I regret so much that happened before he died..., like not going to dinner with him and Ashley and Brooke for his and Ashley's b-day in October.  I was feeling so sick, so I just called him and said I couldn't go. I figured "hey, I'll just make up for it next year, and we will do something epic."  I didn't know that there wasn't going to be a next year...

We were supposed to hang out the friday before he died, and he didn't show up. I was so mad at him that entire weekend. 
and then when I went to school monday morning, and Dr. Auger came back to our class from a meeting and read us a letter saying that Zane died early that morning, I didn't believe him. I couldn't. I just sat there and didn't know what to do. and then Brittany and Nicole must have been able to tell I wasn't okay. and when they asked if I was okay, I just started bawling.  I spent the entire day in a classroom with all of his friends.  I remember walking into C-10 and saw a bunch of people, and Brooke sitting on a chair curled up with a blanket wrapped around her.  When I saw everyone, I started crying even harder.

Then at the wake, that was the worst.  Chelsea, her friend that knew Zane, and Andrew went to the wake together. The line to get inside was so long, it was out to the street.  When we got inside, and I saw all of the pictures of him set up, I lost it.When it was our turn and I saw the body, I couldn't even look at him. It wasn't Zane.  His hair wasn't the same, his lips were the same big lips that my Zaney had. and at the funeral the next morning, When his family came in and sat down, I lost it, because all I could here was Lisa crying.  No mother should have to go through what she went through.  and when Brooke got up there and started talking, I was crying so much.  Then they played "How To Save A Life."  And you could here everyone crying, even with the music playing.

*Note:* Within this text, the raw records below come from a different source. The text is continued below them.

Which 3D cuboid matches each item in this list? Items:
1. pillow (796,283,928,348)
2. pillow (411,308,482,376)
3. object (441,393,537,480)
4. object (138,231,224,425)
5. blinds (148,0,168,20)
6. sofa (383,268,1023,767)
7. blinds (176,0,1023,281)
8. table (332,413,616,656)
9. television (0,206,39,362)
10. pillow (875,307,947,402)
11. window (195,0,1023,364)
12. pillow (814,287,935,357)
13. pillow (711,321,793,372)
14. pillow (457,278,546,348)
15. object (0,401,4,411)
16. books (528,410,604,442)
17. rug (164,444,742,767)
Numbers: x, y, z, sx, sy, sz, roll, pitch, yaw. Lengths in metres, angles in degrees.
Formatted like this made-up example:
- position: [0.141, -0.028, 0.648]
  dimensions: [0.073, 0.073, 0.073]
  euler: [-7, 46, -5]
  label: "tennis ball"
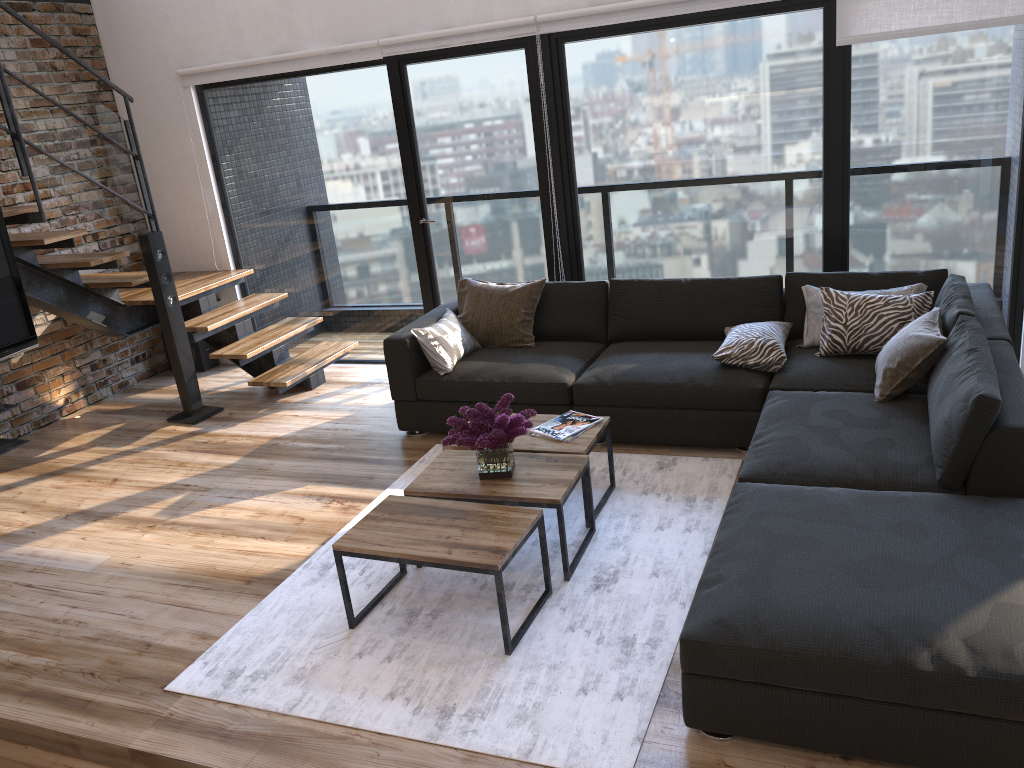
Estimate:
- position: [1.744, -0.332, 4.429]
  dimensions: [0.611, 0.295, 0.233]
  euler: [2, 21, 23]
  label: "pillow"
- position: [-0.358, -0.246, 5.012]
  dimensions: [0.212, 0.267, 0.496]
  euler: [2, 21, 23]
  label: "pillow"
- position: [-0.075, 0.193, 3.498]
  dimensions: [0.341, 0.344, 0.373]
  euler: [2, 21, 24]
  label: "object"
- position: [-2.137, -0.355, 5.601]
  dimensions: [0.271, 1.212, 0.270]
  euler: [4, 22, 27]
  label: "object"
- position: [-2.643, -3.537, 4.606]
  dimensions: [10.204, 2.990, 1.985]
  euler: [-6, 19, 3]
  label: "blinds"
- position: [0.527, 0.169, 3.896]
  dimensions: [3.043, 0.704, 2.985]
  euler: [1, 20, 23]
  label: "sofa"
- position: [0.271, -1.148, 5.404]
  dimensions: [5.368, 2.054, 0.095]
  euler: [1, 21, 23]
  label: "blinds"
- position: [-0.060, 0.525, 3.603]
  dimensions: [0.697, 0.352, 1.292]
  euler: [1, 21, 23]
  label: "table"
- position: [-2.880, -0.348, 4.215]
  dimensions: [0.136, 0.787, 1.201]
  euler: [2, 21, 23]
  label: "television"
- position: [1.731, -0.130, 3.867]
  dimensions: [0.273, 0.310, 0.544]
  euler: [1, 21, 22]
  label: "pillow"
- position: [-0.710, -1.957, 3.581]
  dimensions: [13.395, 5.594, 5.637]
  euler: [1, 21, 23]
  label: "window"
- position: [1.742, -0.299, 4.263]
  dimensions: [0.531, 0.316, 0.249]
  euler: [3, 21, 26]
  label: "pillow"
- position: [1.224, -0.201, 4.495]
  dimensions: [0.356, 0.178, 0.528]
  euler: [1, 20, 21]
  label: "pillow"
- position: [-0.102, -0.419, 5.221]
  dimensions: [0.609, 0.384, 0.264]
  euler: [1, 21, 23]
  label: "pillow"
- position: [-2.763, 0.165, 4.388]
  dimensions: [0.275, 0.058, 0.358]
  euler: [1, 20, 23]
  label: "object"
- position: [0.243, 0.186, 3.920]
  dimensions: [0.228, 0.013, 0.294]
  euler: [11, 26, 42]
  label: "books"
- position: [-0.048, 0.703, 3.627]
  dimensions: [1.636, 0.003, 2.103]
  euler: [1, 20, 23]
  label: "rug"

So many people came to the Wake and the Funeral.  It just shows you how much an amazing person he was. He touched so many lives, and he made so many people happy.  There was something about him that was so comforting.  He was always the easiest person to talk to about anything.  I wish he was here.  I have so much I need to tell him, and I need someone to listen to my problems.  He was always able to make me feel better no matter what.

I haven't been able to sleep lately because I just sit in bed and can't stop replaying that morning in my head.  Every detail about it I can remember.  and I can't stop thinging about it.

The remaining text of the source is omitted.